Our hardware system consists of a monitor for displaying images from the ground truth dataset, two lensless imagers, and a ground truth lensed camera. Though we use two lensless imagers in our setup, the DiffuserCam and Random Multi-focal Lenslet (RML) imager, the hardware setup can be easily modified to accommodate other lensless imaging systems. This page will be updated with detailed instructions on building and troubleshooting the hardware system.
Below is a list of equipment we used for our hardware setup and the model. Feel free to use different models for your own convinience.
We chose to build our system on an optical breadboard so it can be portable for in-the-wild captures. We used a breadboard that was readily available in our lab, which set size constraints of our system. All sensors are connected to power through the Basler USB Hub.
First, we mounted an f=6 mm lens to our board level sensors using an S-mount. Then, we mounted the camera onto a right-handed kinematic mount. We added double-sided tape to the clamps of the mount to minimize wiggling.
Taping the lensed camera
Back view of mounted lensed camera
For both the RML and Diffusercam, we first mounted the board level sensors onto a 2-to-1 baseplate. Because the Basler board level sensors we used were not compatible with our existing baseplates, we 3D printed a custom 2-to-1 mount that allowed us to attach our lensless imagers to an off-the-shelf Thorlabs plate. This would allow us to attach the Thorlabs plate to an optical post.
To build the diffusercam, we taped a piece of diffuser (large enough to cover the sensor) onto the mounted board level by putting double-sided tape on its screws, roughly 4.5mm from the sensor. We also added padding using layers of tape. We created a small aperture using black masking tape by shining a point source at the imaging distance and created an aperture to limit the PSF extent to the center of the sensor.
Board level sensor mounted on a custom 3D printed mount and Thorlabs baseplate
Our mounted Diffusercam
Aligning the beamsplitter, lensed camera, and Diffusercam
To build the RML, we mounted a custom RML phase mask onto an optical post. Using black masking tape and black cardboard, we built a small enclosure around the mounted board level to block stray light. Having the sensor and phase mask on separate posts makes calibration easier.

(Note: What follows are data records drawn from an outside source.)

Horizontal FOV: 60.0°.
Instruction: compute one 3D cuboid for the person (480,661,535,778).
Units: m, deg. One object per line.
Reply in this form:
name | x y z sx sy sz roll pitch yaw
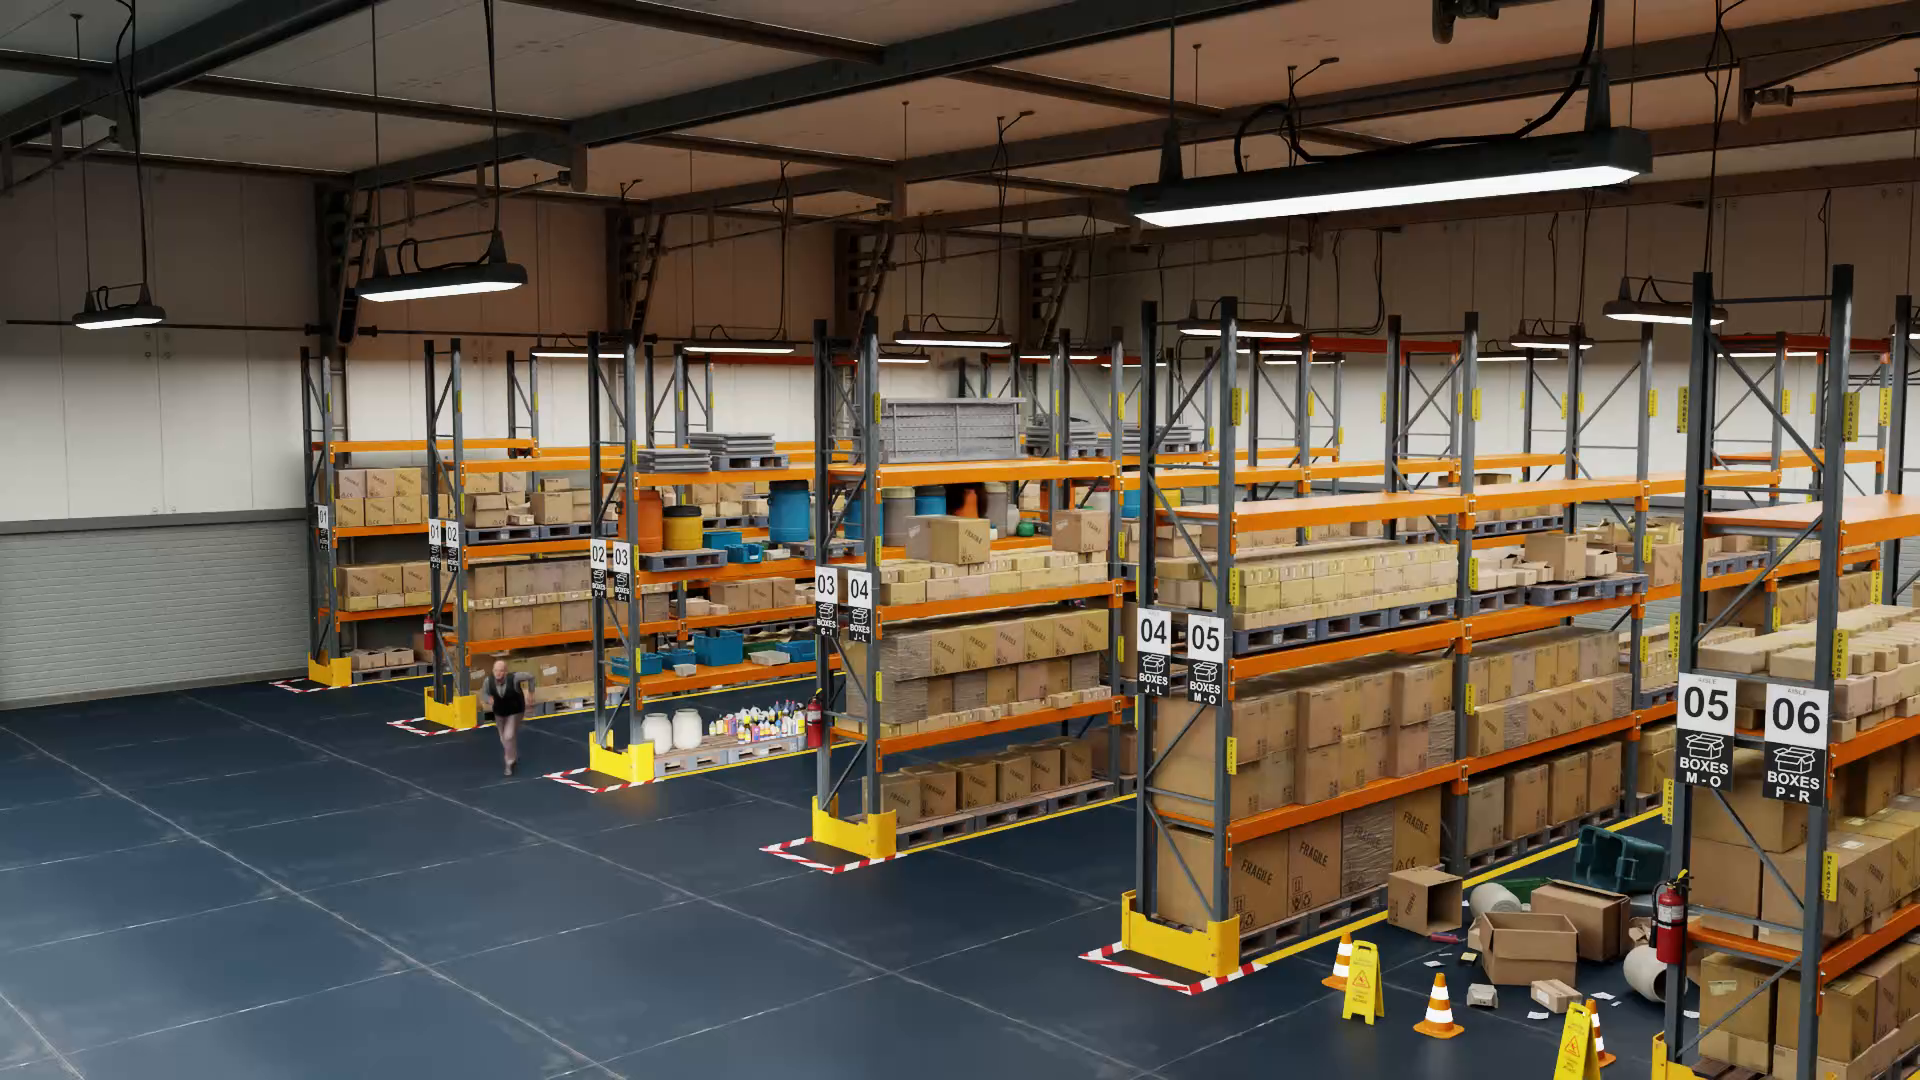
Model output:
person | -6.104 2.404 22.547 0.695 1.643 0.978 0 5 1

First, we placed our display screen at the edge of the breadboard. We decided to place our display screen horizontally to maximize the size of the images we could display and secured the display using clamps on both sides. This allowed us to easily remove the display by loosening the clamps. We divided the display in half with a black separator, leaving one side for the RML and the other for the Diffusercam and lensed camera. We chose to split the Diffusercam with the beamsplitter due to higher light throughput of the gaussian diffuser. Then, we placed the beamsplitter ~12cm away from the display screen. We aligned the lensed camera and Diffusercam to the beamsplitter using a point source (30mm and 25mm from the edge of the beamsplitter to sensor, respectively).
On the other side, we placed the mounted board level for the RML ~150mm from the display screen. To it, we aligned the RML phase mask 18mm from the sensor. The RML and Diffusercam are 135mm apart.
Calibrating the RML using a point source
Clamps installed to secure the display
Diffusercam, lensed camera, and RML on the breadboard
After placing components on the breadboard and coarsely aligning them, we optically aligned the imagers (which includes making sure the sensors are on-axis with the display screen) and acquired calibration PSFs.
For the lensed camera, we displayed a test image and adjusted the focus ring until it was in focus with the surface of the screen. For the RML and Diffusercam, we placed a point source at the same depth as the display. Then, we adjusted the height of the point source such that the PSF was vertically centered on the sensor. Lastly, we adjusted the tilt of the point source such that it would produce the brightest PSF, which meant the point source is on-axis with the phase mask.
Before capturing data, we corrected for stray light as much as possible. We built an enclosure around the system using black cardboard and matte black foil to block ambient light. We added dividers between the display and the beamsplitter to prevent the lensed camera and Diffusercam from capturing light directly from the display instead of through the beamsplitter. We also built small enclosures around the lensless sensors to prevent the sensors from capturing ambient light.
Dividers between display and beamsplitter to control for stray light.
Full hardware set up with images being displayed.